Patrimoine : Tissus Papi, institution roubaisienne

Tout comme l’histoire des café, il s’agit ici d’un texte publié sur le feu blog participatif Roubaix Patrimoines. Ce blog ayant disparu je ne sais où, j’ai remis la main sur ce texte que je vous partage ici. Il date de 2015, a été republié le 25 mars 2020 ici en date de sa première publication, le 19 novembre 2015 et semble toujours d’actualité.

Depuis plus de 30 ans, une drôle de boutique siège au 10 rue la Fontaine, à Roubaix, : les Tissus Papi. Certains disent que c’est une institution à Roubaix. D’autres l’appellent la caverne d’Ali Baba. Je n’aime pas trop ce nom, moi qui grandis dans cet endroit depuis trente ans. J’y ai vu toute la famille. Tout le monde y est passé, tout le monde y passe encore. C’est le rendez-vous premier des oncles, cousins, fils et filles partis vivre un peu de loin de chez nous. Là, ils savent que peu importe l’heure, ils seront accueillis comme à la maison.

Ils en est de même pour nos clients, accueillis comme à la maison. Certains sont devenus des amis.
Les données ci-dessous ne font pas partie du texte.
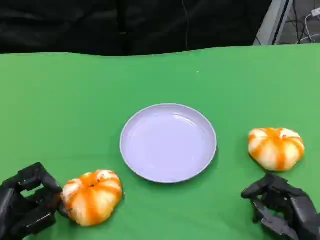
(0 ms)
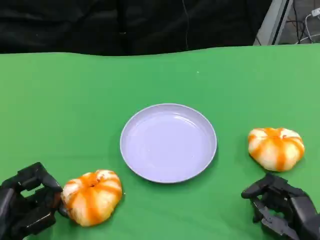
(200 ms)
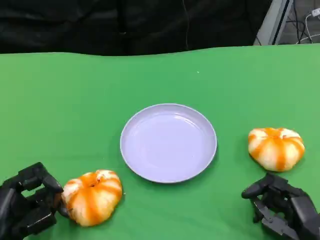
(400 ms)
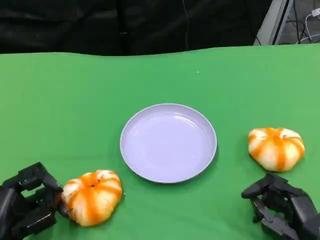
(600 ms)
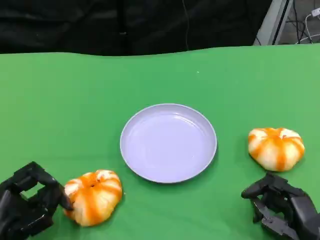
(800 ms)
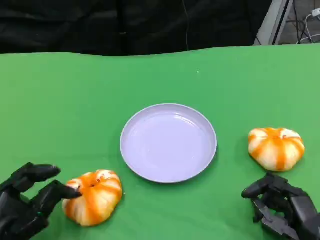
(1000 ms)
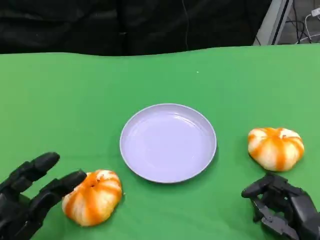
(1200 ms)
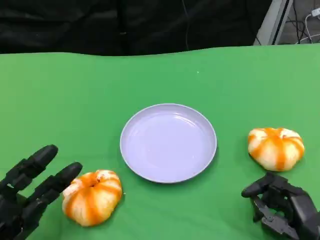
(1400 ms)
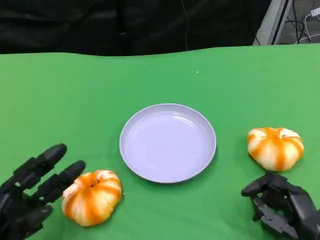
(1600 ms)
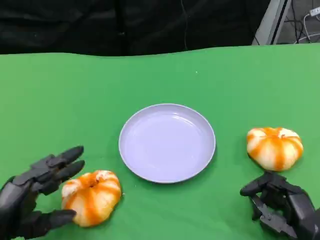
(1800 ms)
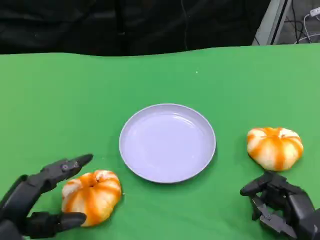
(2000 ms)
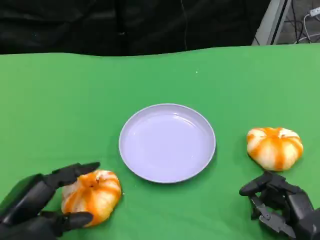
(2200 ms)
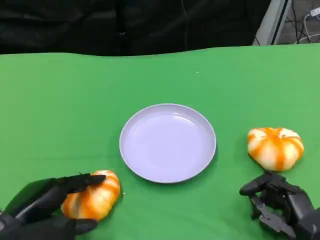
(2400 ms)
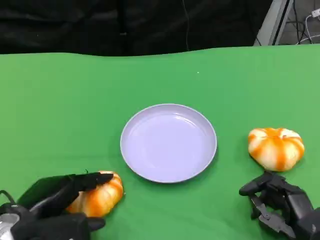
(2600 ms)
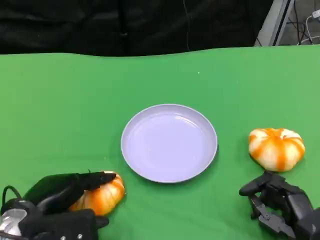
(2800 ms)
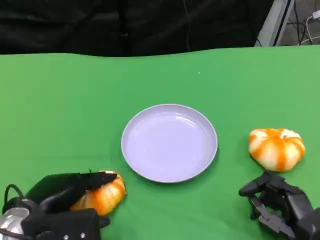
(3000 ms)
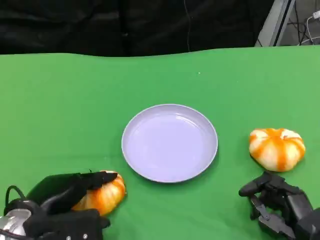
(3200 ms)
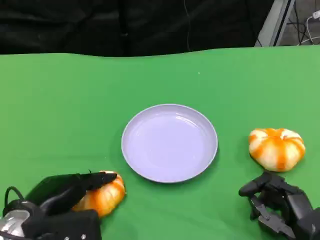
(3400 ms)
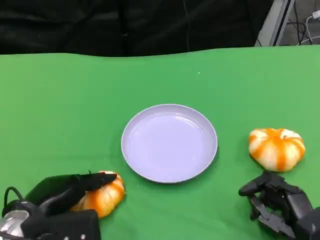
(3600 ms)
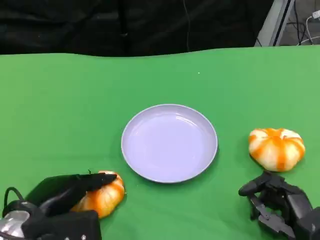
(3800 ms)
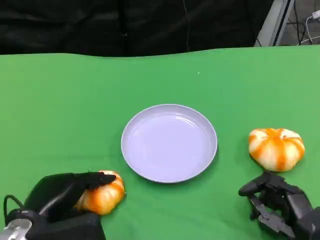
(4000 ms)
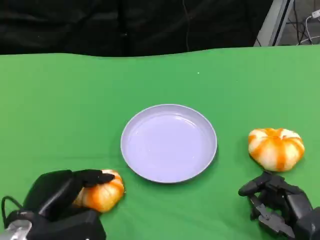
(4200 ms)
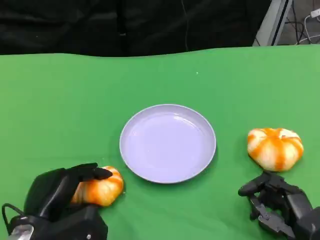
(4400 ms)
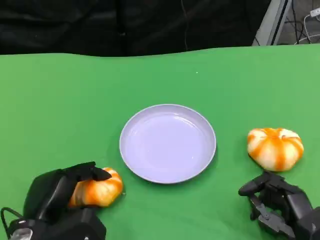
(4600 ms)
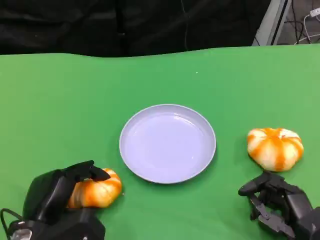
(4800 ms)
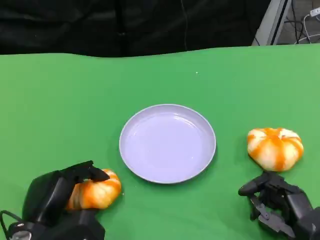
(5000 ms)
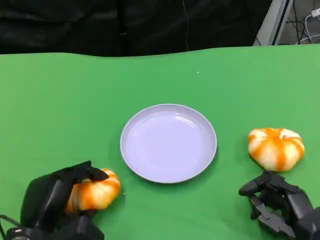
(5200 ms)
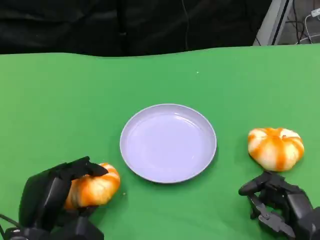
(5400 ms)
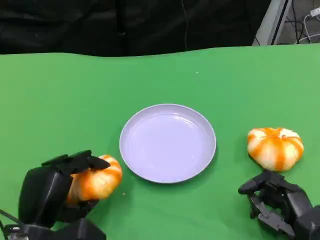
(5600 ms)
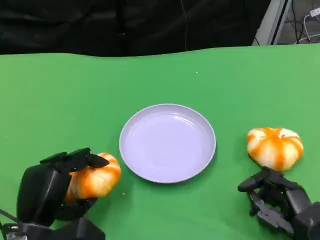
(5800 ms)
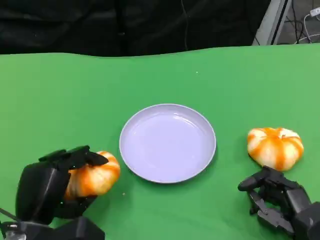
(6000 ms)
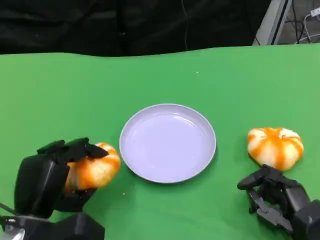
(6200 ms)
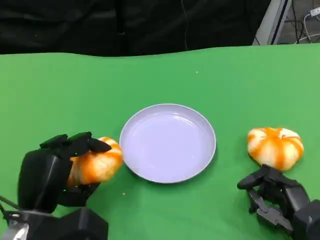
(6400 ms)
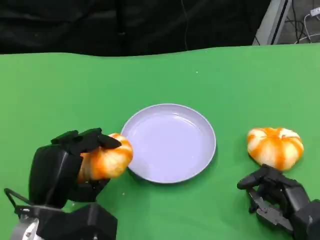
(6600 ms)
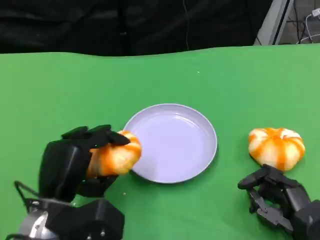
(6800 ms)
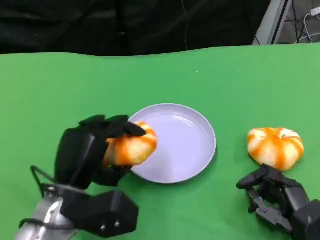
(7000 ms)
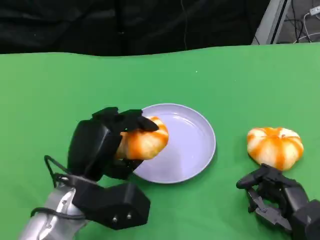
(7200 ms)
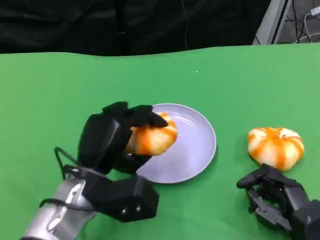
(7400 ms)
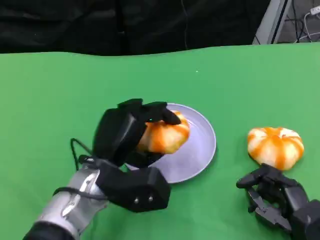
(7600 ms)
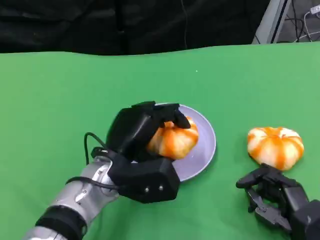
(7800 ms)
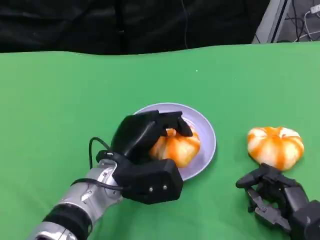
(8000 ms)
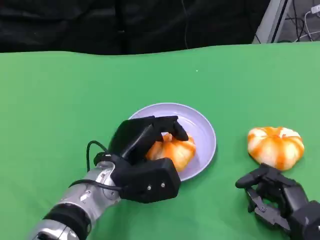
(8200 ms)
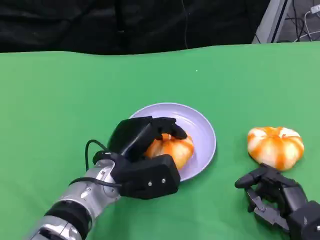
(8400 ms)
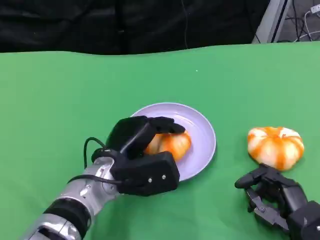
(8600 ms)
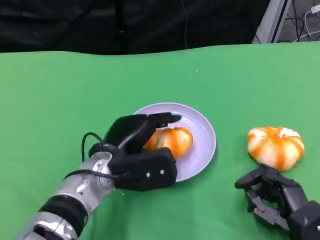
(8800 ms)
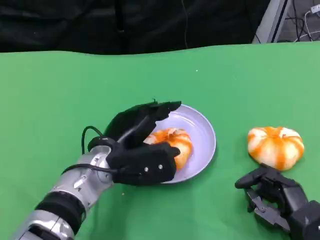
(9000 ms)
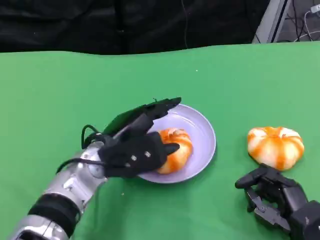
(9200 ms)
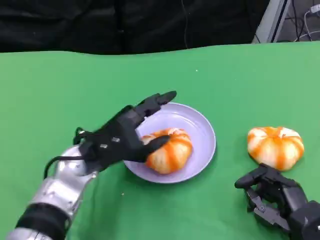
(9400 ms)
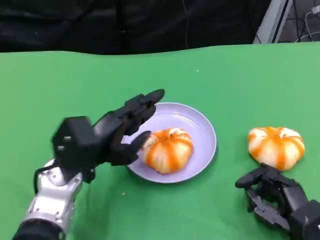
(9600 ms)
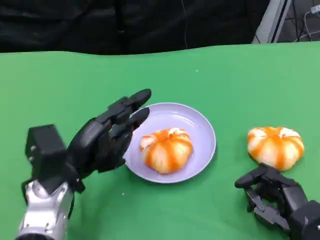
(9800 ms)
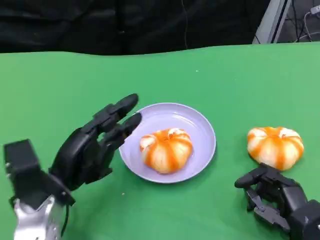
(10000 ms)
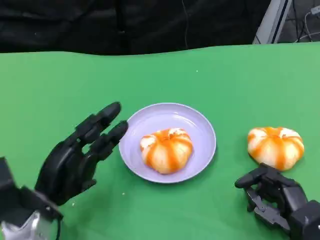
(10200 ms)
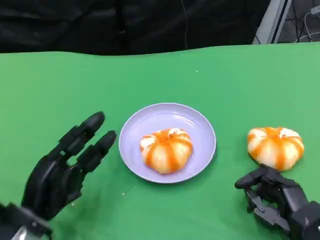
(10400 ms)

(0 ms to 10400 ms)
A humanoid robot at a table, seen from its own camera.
Task of the whole recording: Grasp the bread from the table and place it into the plate.
1400 ms - 3000 ms: The left hand shifts some 5 cm to the right and upward.
4400 ms - 6000 ms: The hands make only small movements.
6000 ms - 7400 ms: The left hand travels to the right and forward by approximately 10 cm.
9000 ms - 10400 ms: The left hand shifts about 15 cm to the left, backward and downward.

Toujours nous essayons d’avoir le sourire, peu importe l’heure, la météo ou la fatigue. A l’heure du « toujours plus vite » Papi fait figure d’outsider. Nous y prenons notre temps, quitte à faire fuir un client trop pressé. Il reviendra s’il a besoin. Nous sommes peut être là prescripteur du slow-shopping. Il existe bien le slow-food ou la slow-cosmétique.

Héritier de l’histoire textile de la cité aux mille cheminées, Papi garde le traditionnel amour des couleurs et des matières, des textures et des modes. L’amour du travail bien fait en découle, après plus de soixante ans d’histoire, trente-cinq ans de magasin l’an prochain, trois ans de boutique en ligne et trois générations. Il parait que nous faisons partie du patrimoine.

Chez nous, pas de conseil d’administration annuel. Non, chez nous, il est quotidien. Au détour d’une porte, lors d’un chargement/déchargement de camion, lorsqu’une idée nous passe par la tête, nous en parlons et faisons évoluer Papi. La confiance est totale, chacun a son rôle, chacun a sa patte, chacun vit Papi à sa façon, avec son coeur. L’âme en peine d’un oncle, d’une mère voyant un avis négatif d’un client sur notre boutique en ligne. La joie commune d’un contrat accepté par le client. Le sourire d’une cliente ravie de sa robe, qu’elle a confectionné avec nos tissus. La joie d’une grand-mère venue au magasin pour acheter le coton qui ira au couffin de son petit fils nouveau né. En trente-cinq ans, combien de mariages avons-nous vus ? Combien de baptêmes ? Combien d’enfants ont dansé, costumés de nos tissus, lors de fêtes d’écoles ? Il nous est bien difficile de répondre à toutes ces questions d’une vie.

De la vie d’une entreprise, Papi est surtout notre vie, un peu de la vôtre aussi.

Je vous laisse, le téléphone sonne. Mon oncle ou ma maman au bout du fil. A cette heure de la journée, ça aurait pu être des collègues.